You’ve now met all four mlr3 building blocks on a problem you already understand. In the next chapter these pieces come together on real biological data — classifying cancer types from gene expression, predicting age from DNA methylation — where you’ll see a Learner actually train on a Task and have its predictions scored by a Measure under a Resampling. The concepts are the same; only the data gets bigger and more interesting.

21.9 Summary

You can now:

  • Name the four core mlr3 objects and the single job each one does — Task (data + problem), Learner (algorithm), Measure (score), Resampling (validation strategy).
  • Build a classification Task with as_task_classif() and inspect it with task$feature_names and task$target_names.
  • List available algorithms with mlr_learners$keys(), create one with lrn(), and see its tunable dials with learner$param_set$ids().
  • Pick a Measure with msr() and a Resampling strategy with rsmp(), and read what their printouts are telling you.

The payoff is the interchangeable-parts design: learn the four sockets once, and every algorithm in the mlr3 ecosystem plugs into them the same way.

21.10 Exercises

These exercises reuse the penguins. Recall that in the previous chapter we also framed a regression problem — predicting a penguin’s body_mass_g from its other measurements. Let’s set that up in mlr3.

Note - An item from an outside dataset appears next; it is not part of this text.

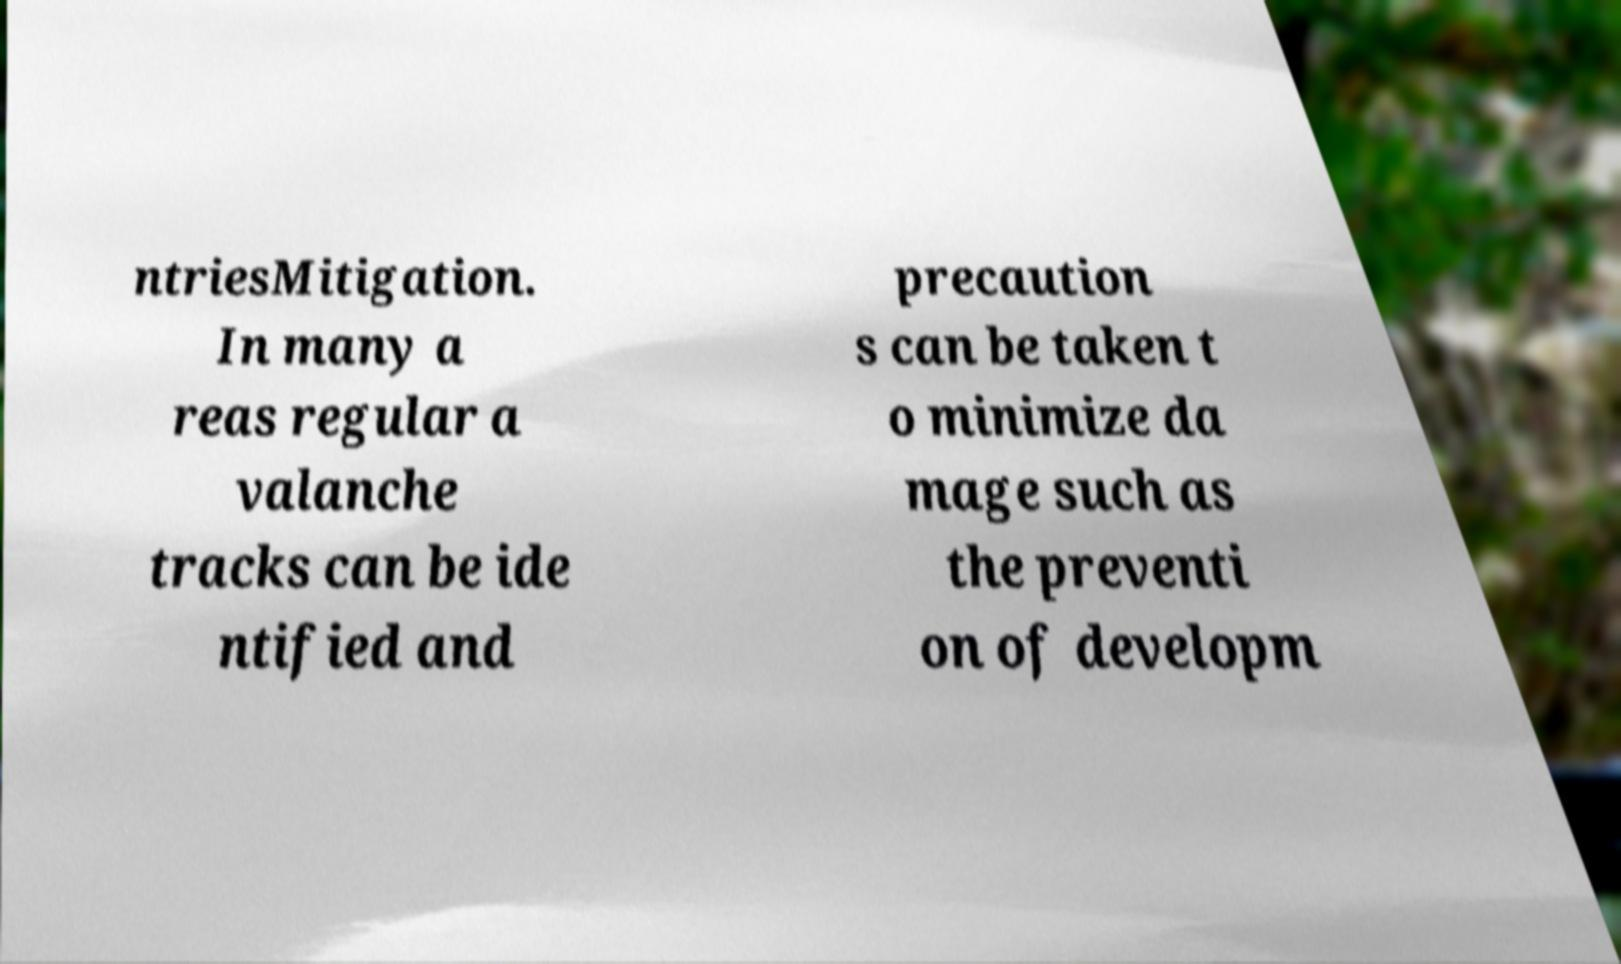Can you read and provide the text displayed in the image?This photo seems to have some interesting text. Can you extract and type it out for me? ntriesMitigation. In many a reas regular a valanche tracks can be ide ntified and precaution s can be taken t o minimize da mage such as the preventi on of developm 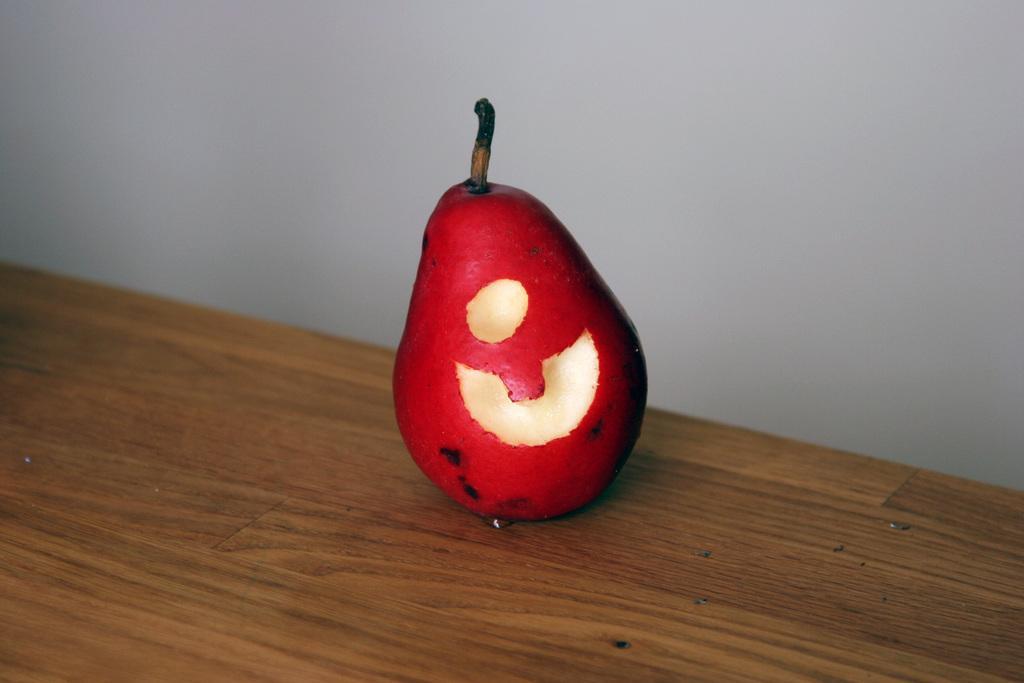Can you describe this image briefly? In the picture there is a pear fruit kept on a wooden surface, behind the fruit there is a wall.

  1. Build a regression task. Create a regression task that predicts body_mass_g, using as_task_regr(). Confirm the target and list the features.

    task_mass <- as_task_regr(penguins, target = "body_mass_g")
    task_mass$target_names
    [1] "body_mass_g"
    task_mass$feature_names
    [1] "bill_depth_mm"     "bill_length_mm"    "flipper_length_mm"
    [4] "island"            "sex"               "species"          
    [7] "year"             

    as_task_regr() is the regression counterpart of as_task_classif(). The target is now the continuous body_mass_g, and species has joined the feature list — any column that isn’t the target becomes a feature.

  2. Find regression learners. Query the registry for learners that work on a regression task, and show the first ten.

    regr_learners <- mlr_learners$keys("regr")
    head(regr_learners, 10)
     [1] "regr.cv_glmnet"   "regr.debug"       "regr.featureless" "regr.glmnet"     
     [5] "regr.kknn"        "regr.km"          "regr.lm"          "regr.nnet"       
     [9] "regr.ranger"      "regr.rpart"      

    These are the regr.* algorithms — for example regr.lm (linear regression) and regr.rpart (a regression tree). The naming convention tells you each one’s task type at a glance.

  3. Set up 10-fold cross-validation. Create a resampling object for 10-fold cross-validation and confirm the fold count from its parameter set.

    cv10 <- rsmp("cv", folds = 10)
    cv10$param_set$values
    $folds
    [1] 10

    rsmp("cv", folds = 10) builds the strategy; param_set$values reports the settings you actually chose, confirming folds is 10. More folds give a more stable estimate of performance at the cost of more computation.

  4. Pick a regression measure. Create the root-mean-squared-error measure with msr("regr.rmse") and print it. Does the framework want it minimized or maximized?

    rmse_measure <- msr("regr.rmse")
    rmse_measure
    
    ── <MeasureRegrSimple> (regr.rmse): Root Mean Squared Error ────────────────────
    • Packages: mlr3 and mlr3measures
    • Range: [0, Inf]
    • Minimize: TRUE
    • Average: macro
    • Parameters: list()
    • Properties: weights and obs_loss
    • Predict type: response
    • Predict sets: test
    • Aggregator: mean()

    The printout shows Minimize: TRUE — RMSE is an error, so smaller is better, and the framework will minimize it when comparing models. Contrast this with accuracy, which it maximizes.